То, что со мною произошло, навело нас еще на одну догадку о паразитах. Стало ясно, что они не держат постоянного наблюдения за каждым человеком в отдельности. Однако если так, то почему люди не «прозревают» (скажем, как мы) тотчас же, как только выходят из-под прямого наблюдения у паразитов?

Над этим вопросом мы ломали голову в течение двух суток. Первым ответ пришел в голову Райху. Он как-то недавно разговаривал с женой Эвереста Рейбке, президента Компании. Ее супруг буквально на днях улетел на Луну, отдохнуть пару недель от «нервов». Она посетовала, что нервы у супруга действительно расшатаны. Но почему?" — недоуменно спросил у нее Райх; ведь было совершенно очевидно, что дела Компании находятся в полном порядке. «Так-то оно так, — отвечала супруга, — но на такой сумасшедшей по ответственности должности, да еще такого гигантища, как Компания, он уже сам по привычке начинает заводиться от своих забот и ничего не может с этим поделать».
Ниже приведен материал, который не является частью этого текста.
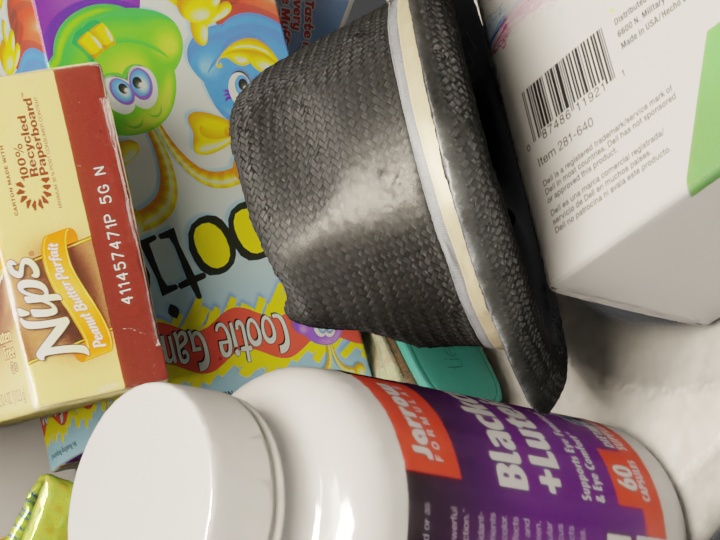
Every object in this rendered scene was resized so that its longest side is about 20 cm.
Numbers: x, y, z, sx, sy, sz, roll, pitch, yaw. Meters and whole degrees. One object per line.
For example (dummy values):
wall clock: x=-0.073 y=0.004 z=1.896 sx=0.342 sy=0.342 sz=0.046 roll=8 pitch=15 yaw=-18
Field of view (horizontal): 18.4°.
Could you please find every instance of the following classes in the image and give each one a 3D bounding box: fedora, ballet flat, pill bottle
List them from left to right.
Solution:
ballet flat: x=0.000 y=0.000 z=0.907 sx=0.062 sy=0.067 sz=0.200 roll=-54 pitch=42 yaw=41
pill bottle: x=0.006 y=0.093 z=0.757 sx=0.111 sy=0.200 sz=0.111 roll=-18 pitch=66 yaw=48
fedora: x=0.009 y=-0.030 z=0.791 sx=0.092 sy=0.201 sz=0.201 roll=-16 pitch=61 yaw=9

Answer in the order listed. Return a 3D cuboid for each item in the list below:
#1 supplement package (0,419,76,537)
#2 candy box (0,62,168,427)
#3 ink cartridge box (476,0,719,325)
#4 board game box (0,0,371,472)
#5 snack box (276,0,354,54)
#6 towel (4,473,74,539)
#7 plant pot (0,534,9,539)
supplement package: x=-0.205 y=0.093 z=1.016 sx=0.120 sy=0.121 sz=0.200 roll=32 pitch=142 yaw=51
candy box: x=-0.143 y=0.002 z=0.836 sx=0.200 sy=0.055 sz=0.115 roll=-17 pitch=84 yaw=62
ink cartridge box: x=0.118 y=-0.105 z=0.769 sx=0.145 sy=0.084 sz=0.200 roll=-38 pitch=53 yaw=40
board game box: x=-0.084 y=-0.034 z=0.885 sx=0.105 sy=0.103 sz=0.200 roll=-31 pitch=72 yaw=61
snack box: x=-0.044 y=-0.108 z=0.985 sx=0.024 sy=0.072 sz=0.200 roll=36 pitch=108 yaw=55
towel: x=-0.053 y=0.171 z=0.797 sx=0.023 sy=0.200 sz=0.144 roll=-11 pitch=54 yaw=65
plant pot: x=-0.080 y=0.202 z=0.875 sx=0.186 sy=0.186 sz=0.200 roll=-29 pitch=71 yaw=44
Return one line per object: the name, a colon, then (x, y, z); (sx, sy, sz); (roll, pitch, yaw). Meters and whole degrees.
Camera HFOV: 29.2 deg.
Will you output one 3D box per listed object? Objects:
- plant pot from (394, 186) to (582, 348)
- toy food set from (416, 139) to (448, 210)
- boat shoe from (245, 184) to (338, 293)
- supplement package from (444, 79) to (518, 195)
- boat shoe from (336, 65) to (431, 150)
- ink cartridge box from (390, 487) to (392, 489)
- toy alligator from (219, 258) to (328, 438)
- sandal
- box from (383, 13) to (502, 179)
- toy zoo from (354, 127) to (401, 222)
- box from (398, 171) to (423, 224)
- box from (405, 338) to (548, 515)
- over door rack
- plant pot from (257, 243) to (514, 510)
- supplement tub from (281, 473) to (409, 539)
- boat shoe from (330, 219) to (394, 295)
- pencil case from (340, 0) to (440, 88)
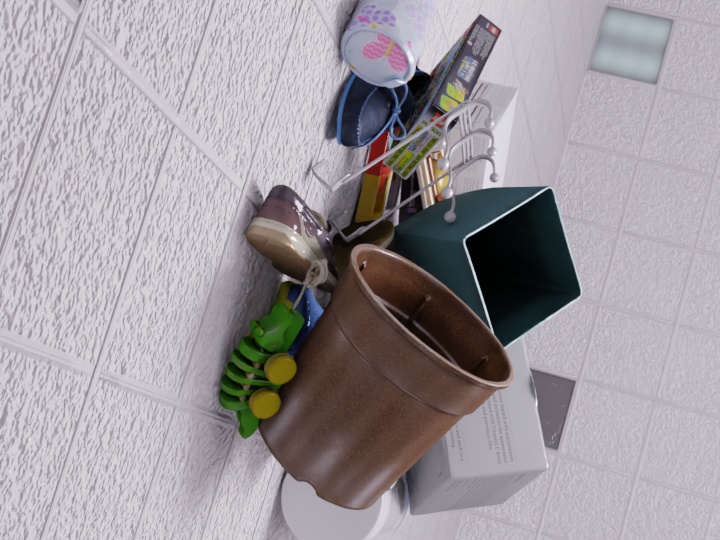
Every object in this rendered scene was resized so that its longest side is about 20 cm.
plant pot: (0.127, -0.012, 1.619); (0.141, 0.200, 0.142); (-31, 112, -29)
toy food set: (0.112, -0.143, 1.765); (0.144, 0.060, 0.201); (-71, 154, -58)
boat shoe: (-0.055, -0.028, 1.351); (0.065, 0.072, 0.200); (-68, 160, -9)
supplement package: (0.140, -0.149, 1.942); (0.156, 0.110, 0.201); (-57, 159, -52)
boat shoe: (0.029, -0.194, 1.521); (0.200, 0.068, 0.085); (-59, 159, -51)
ink cartridge box: (0.019, 0.131, 1.553); (0.200, 0.146, 0.083); (-52, 137, -28)
toy alligator: (-0.092, 0.072, 1.307); (0.054, 0.059, 0.201); (10, 115, -35)
sandal: (-0.045, 0.067, 1.463); (0.200, 0.087, 0.080); (50, 57, -72)
box: (0.096, -0.202, 1.588); (0.110, 0.035, 0.200); (-47, -169, 43)
toy zoo: (0.032, -0.131, 1.706); (0.131, 0.020, 0.201); (-27, 131, -73)
box: (0.090, -0.019, 1.817); (0.144, 0.036, 0.201); (-85, 159, -43)
box: (0.128, 0.180, 1.710); (0.200, 0.130, 0.200); (117, -33, -65)
over door rack: (0.058, -0.095, 1.489); (0.148, 0.199, 0.067); (73, -7, -67)
plant pot: (0.012, 0.114, 1.353); (0.199, 0.200, 0.200); (-51, 173, 16)
supplement tub: (-0.015, 0.282, 1.722); (0.200, 0.131, 0.133); (40, 66, -76)
boat shoe: (0.000, 0.000, 1.555); (0.200, 0.073, 0.065); (-61, 143, -63)
pencil case: (0.048, -0.287, 1.464); (0.091, 0.083, 0.201); (60, 43, -41)
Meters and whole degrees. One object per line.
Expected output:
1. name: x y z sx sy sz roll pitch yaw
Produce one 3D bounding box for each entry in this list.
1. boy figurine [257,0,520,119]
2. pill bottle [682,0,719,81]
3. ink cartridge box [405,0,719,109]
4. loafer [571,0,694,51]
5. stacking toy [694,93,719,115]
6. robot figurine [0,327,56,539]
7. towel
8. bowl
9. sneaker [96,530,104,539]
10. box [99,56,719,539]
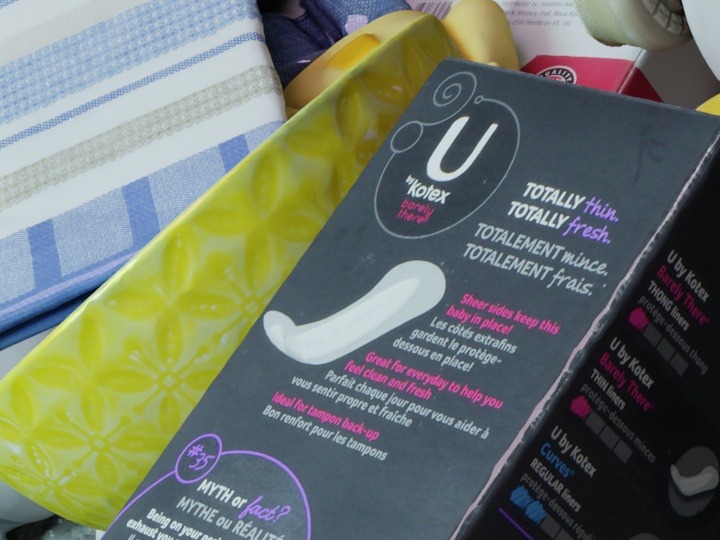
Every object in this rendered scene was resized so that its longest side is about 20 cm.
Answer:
1. boy figurine: 0.003 -0.069 1.093 0.124 0.065 0.200 -26 31 -10
2. pill bottle: 0.213 -0.130 1.034 0.200 0.109 0.109 -32 27 -33
3. ink cartridge box: 0.099 -0.102 1.173 0.145 0.083 0.200 6 56 46
4. loafer: 0.095 -0.145 1.095 0.068 0.076 0.200 -20 34 23
5. stacking toy: 0.125 -0.013 0.898 0.200 0.146 0.146 113 178 -57
6. robot figurine: -0.185 0.061 1.243 0.200 0.113 0.170 -16 82 31
7. towel: -0.100 -0.056 1.093 0.147 0.024 0.200 -25 41 5
8. bowl: -0.018 0.024 0.911 0.200 0.108 0.200 -42 0 0
9. sneaker: -0.069 0.113 1.131 0.080 0.070 0.200 -37 30 40
10. box: 0.033 0.057 0.788 0.122 0.106 0.200 19 69 49
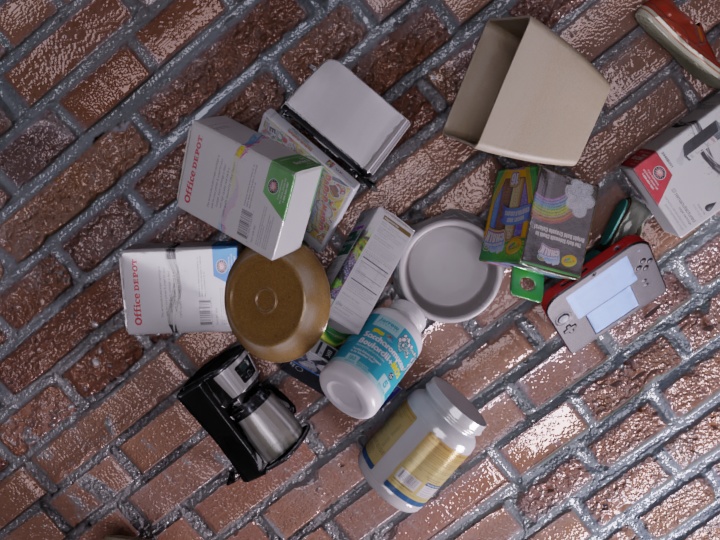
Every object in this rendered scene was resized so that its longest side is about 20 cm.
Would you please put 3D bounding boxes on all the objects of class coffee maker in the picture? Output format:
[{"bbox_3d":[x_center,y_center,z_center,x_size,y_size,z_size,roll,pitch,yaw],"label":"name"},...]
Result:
[{"bbox_3d":[-0.219,0.255,1.427,0.192,0.135,0.201,-36,97,8],"label":"coffee maker"}]

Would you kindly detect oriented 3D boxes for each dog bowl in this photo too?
[{"bbox_3d":[0.151,-0.003,1.409,0.198,0.059,0.202,0,101,1],"label":"dog bowl"}]

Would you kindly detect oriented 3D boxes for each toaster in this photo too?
[{"bbox_3d":[-0.018,-0.234,1.306,0.200,0.181,0.119,39,98,-6],"label":"toaster"}]

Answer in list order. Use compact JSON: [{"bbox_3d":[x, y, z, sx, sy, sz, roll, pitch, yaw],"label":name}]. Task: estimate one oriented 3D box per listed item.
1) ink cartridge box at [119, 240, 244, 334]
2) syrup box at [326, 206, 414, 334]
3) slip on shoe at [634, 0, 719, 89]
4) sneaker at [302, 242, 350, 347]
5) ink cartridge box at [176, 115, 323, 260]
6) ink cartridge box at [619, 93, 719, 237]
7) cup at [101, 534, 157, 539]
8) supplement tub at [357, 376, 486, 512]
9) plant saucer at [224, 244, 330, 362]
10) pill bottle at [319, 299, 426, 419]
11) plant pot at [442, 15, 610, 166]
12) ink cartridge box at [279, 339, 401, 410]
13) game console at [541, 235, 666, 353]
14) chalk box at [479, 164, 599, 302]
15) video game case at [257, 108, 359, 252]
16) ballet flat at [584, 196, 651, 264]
[{"bbox_3d":[-0.297,0.027,1.410,0.198,0.084,0.146,-2,100,0],"label":"ink cartridge box"},{"bbox_3d":[0.000,0.000,1.361,0.081,0.079,0.201,33,76,-18],"label":"syrup box"},{"bbox_3d":[0.532,-0.367,1.329,0.200,0.074,0.061,43,96,-2],"label":"slip on shoe"},{"bbox_3d":[-0.067,0.034,1.418,0.083,0.074,0.201,-25,109,-4],"label":"sneaker"},{"bbox_3d":[-0.173,-0.129,1.263,0.199,0.087,0.146,28,117,20],"label":"ink cartridge box"},{"bbox_3d":[0.555,-0.173,1.355,0.199,0.084,0.145,-37,97,7],"label":"ink cartridge box"},{"bbox_3d":[-0.417,0.551,1.474,0.198,0.200,0.145,7,75,0],"label":"cup"},{"bbox_3d":[0.106,0.297,1.423,0.144,0.145,0.200,40,99,-6],"label":"supplement tub"},{"bbox_3d":[-0.142,0.047,1.310,0.199,0.035,0.202,1,91,25],"label":"plant saucer"},{"bbox_3d":[0.029,0.137,1.359,0.111,0.111,0.200,46,56,-7],"label":"pill bottle"},{"bbox_3d":[0.267,-0.265,1.297,0.176,0.200,0.201,20,101,-14],"label":"plant pot"},{"bbox_3d":[-0.036,0.187,1.433,0.199,0.039,0.100,30,140,-4],"label":"ink cartridge box"},{"bbox_3d":[0.409,0.043,1.384,0.199,0.031,0.177,-35,131,7],"label":"game console"},{"bbox_3d":[0.280,-0.054,1.330,0.123,0.124,0.202,15,88,-24],"label":"chalk box"},{"bbox_3d":[-0.102,-0.137,1.322,0.182,0.200,0.023,40,56,4],"label":"video game case"},{"bbox_3d":[0.422,-0.027,1.396,0.063,0.067,0.201,30,100,-9],"label":"ballet flat"}]
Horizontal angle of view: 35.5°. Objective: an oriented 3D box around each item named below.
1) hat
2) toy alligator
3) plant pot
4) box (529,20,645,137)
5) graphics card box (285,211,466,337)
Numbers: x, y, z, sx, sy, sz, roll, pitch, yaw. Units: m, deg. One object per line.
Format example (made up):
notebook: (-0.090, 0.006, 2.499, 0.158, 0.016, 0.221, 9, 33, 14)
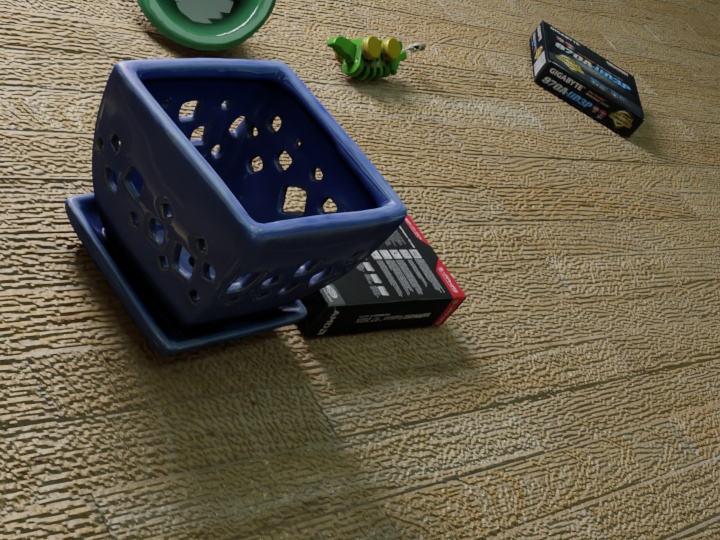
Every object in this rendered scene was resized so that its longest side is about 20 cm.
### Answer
hat: (-0.195, -0.328, 1.373, 0.165, 0.176, 0.201, 35, 70, -8)
toy alligator: (0.027, -0.279, 1.498, 0.199, 0.059, 0.055, -9, 97, -50)
plant pot: (-0.117, -0.048, 0.951, 0.200, 0.180, 0.200, -12, 57, -51)
box: (0.378, -0.322, 1.890, 0.199, 0.046, 0.159, 28, 34, -14)
graphics card box: (0.000, 0.000, 1.124, 0.199, 0.051, 0.126, -2, 50, -47)
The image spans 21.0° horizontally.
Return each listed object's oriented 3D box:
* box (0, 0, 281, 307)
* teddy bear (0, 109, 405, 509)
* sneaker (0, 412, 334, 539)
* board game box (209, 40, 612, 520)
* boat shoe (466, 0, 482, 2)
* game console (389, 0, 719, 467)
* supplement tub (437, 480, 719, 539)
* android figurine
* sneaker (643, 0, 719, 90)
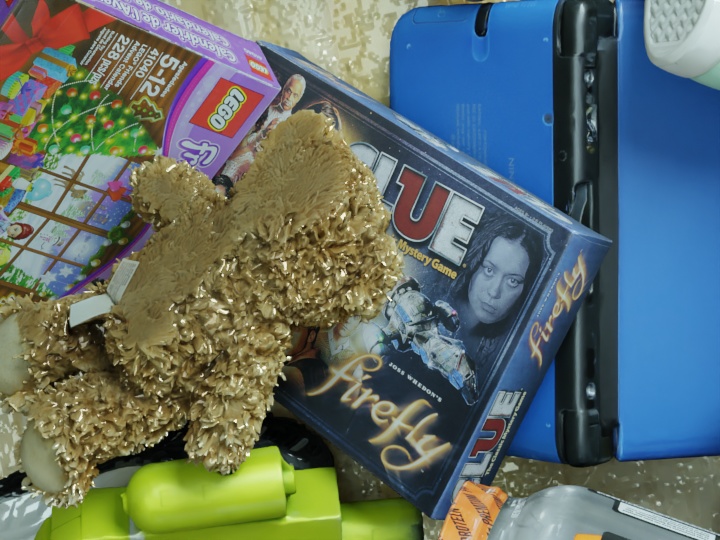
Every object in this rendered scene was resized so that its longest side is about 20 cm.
[{"bbox_3d":[-0.147,-0.041,0.872,0.200,0.136,0.039,-50,44,23],"label":"box"},{"bbox_3d":[-0.072,0.020,0.823,0.200,0.067,0.145,-46,48,-3],"label":"teddy bear"},{"bbox_3d":[-0.099,0.119,0.924,0.199,0.074,0.080,-17,96,21],"label":"sneaker"},{"bbox_3d":[0.000,0.000,0.861,0.199,0.034,0.136,33,103,35],"label":"board game box"},{"bbox_3d":[0.048,-0.220,0.843,0.073,0.074,0.202,-13,92,-16],"label":"boat shoe"},{"bbox_3d":[0.110,-0.020,0.880,0.170,0.118,0.202,4,96,45],"label":"game console"},{"bbox_3d":[0.119,0.160,0.764,0.198,0.122,0.124,18,99,10],"label":"supplement tub"},{"bbox_3d":[-0.069,0.149,0.881,0.198,0.041,0.183,-5,131,-5],"label":"android figurine"},{"bbox_3d":[0.182,-0.151,0.819,0.117,0.074,0.202,21,63,-23],"label":"sneaker"}]

Вот оно что: привычка! Стоит лишь вдуматься: как все просто, как до банальности просто! Сколько уж лет психологи не устают повторять, что человек во многом напоминает собой машину. «Лорд Лейстер» сравнил людей со старинными часами, механизм которых исправно тикает еще с дедовских времен. Одно лишь травмирующее психику ощущение, запавшее в душу ребенка, может потом стать основой невроза, который будет давать знать о себе всю жизнь. Ощущение счастья, дважды или даже единожды пережитое в детстве, может сделать человека пожизненным оптимистом. Тело искореняет остатки физического недуга в недельный срок; ум сохраняет зароненное в него семя страха или синдром душевной болезни на всю жизнь. Почему? Потому что одна из черт ума — его закоснелость. Она существует в нем неизбывно, до тех пор пока в организме есть сила к жизни. Ум работает по раз и навсегда установившимся привычкам, сломить которые чрезвычайно трудно, особенно отрицательные. Иначе говоря, человек, получая «завод» от паразитов, уподобляется часам с заведенной пружиной; текущего осмотра он требует не чаще раза в год. Кроме того, Вайсман открыл, что люди и сами «заводят» друг друга, избавляя тем самым паразитов от излишних хлопот. Отношение к жизни передается от родителей к детям. Один мрачный и пессимистичный писатель, наделенный мощным талантом, заражает своим влиянием целую плеяду писателей, а те в свою очередь распространяют это влияние на всех образованных людей в стране.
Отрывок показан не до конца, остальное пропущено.